Note that I am using Python’s automatic tuple construction feature with "," in Return, to actually have a function that returns two values.

Well, we now have a generic way of catching the exponent, and the mantissa - without replicating the code under three "if" conditions. We could have a similar little function just to pick up the signal - but in this case, it would be like the code you’ve already done. So, without needing to "polarize" and "normalize" - you can make the complete code equivalent to yours with:

def convert(num):
    if(num>0):
        sinal = 0
    else:
        sinal = 1
        num = num*-1
    cont_exp, normalized_num = get_exponent_and_normalized(num)
    bits = get_most_significant_bits(normalized_num)
    final = final = "{} {} {}".format(sinal, cont_exp, "".join(bits)) 
    return final


def get_most_significant_bits(num, bits=16):
    result = []
    for i in range(bits):
        result.append("1" if num >= 1 else "0")
        if num >= 1:
            num -= 1
        num *= 2
    return result

def get_exponent_and_normalized(num):
    # final number should be 0 < num < 2, and the corresponding FP exponent
    exponent = 0
    while True:
        if num < 1:
            exponent -= 1
            num *= 2
        elif num >= 2:
            exponent += 1
            num /= 2
        else:
            break
    return exponent, num

then - the code was well modular, easier to verify - and, is working with the examples I tested here:

Unfortunately, despite dissecting carefully, I could not find the "point" in which your error code. It can be in the function "normalizes". Or it can be hard to find because your code has enough unnecessary duplication - which is why we always avoid duplicating code. Whenever you have programming and find uqe need to write a snippet - not even large - of similar code, see if there is no way to do a separate function. In this case it was not necessary to call the function more than once - but let’s assume that it was not so trivial to leave that stretch free of the more external "if" - within each part of the "if", the entire body of the internal while and if would be exchanged for a single line by calling the external function.

Another approach

In general, when we want to "dissect" a floating point number, we are not doing several floating point operations with the same - the ideal. is to treat a nḿero in FP as what it is: a binary structure with a bit with very specific roles .

With operators for bits & ("and binary") and >> and << - shift left and shift right, we get the exact bits of an IEE 754 using bit masks - In Python you can use a trick with the "struct" module to get a 64-bit "unteiro" number that is the binary copy of a floating point number - for this, you "encodes" the number in floating point, and from created bytes object, "decodes" a no-signal 64-bit integer.
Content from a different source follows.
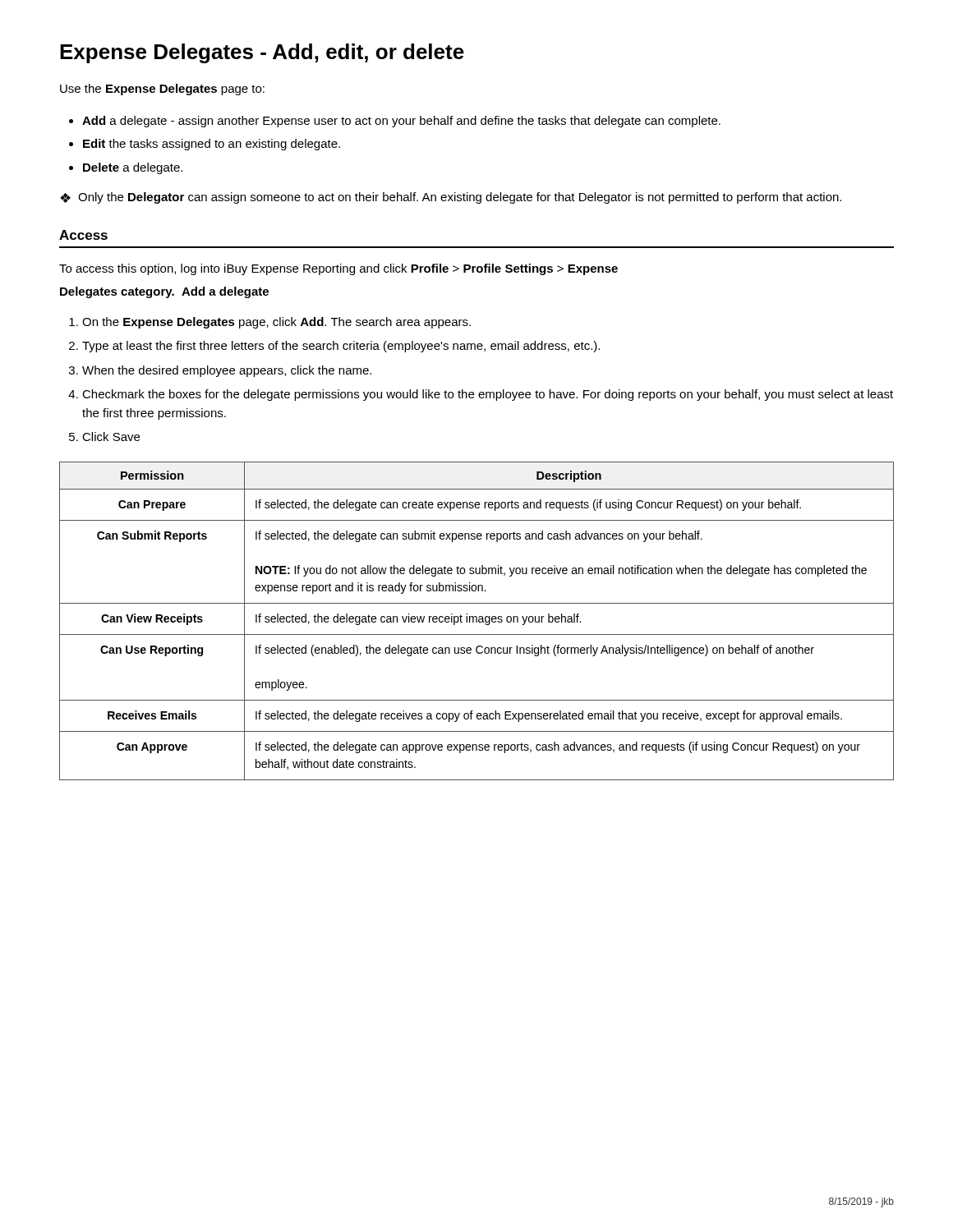Select the list item with the text "Delete a delegate."
Screen dimensions: 1232x953
pos(133,167)

In the latter, the above operators can be used without side effects:

import struct
num = 2.125
string = struct.pack('<d', num)
integer = struct.unpack('<Q', string)[0]

Here is an example of how to "translate" a float64 to a Python uint64 - from there you can use the above bit manipulation operators to extract the binary fields from the number. Then just see in the specification and see that the float has 1 signal bit, 10 exponent bits and 53 significant bits.

Since you’re investigating and learning - this approach is pretty cool too,.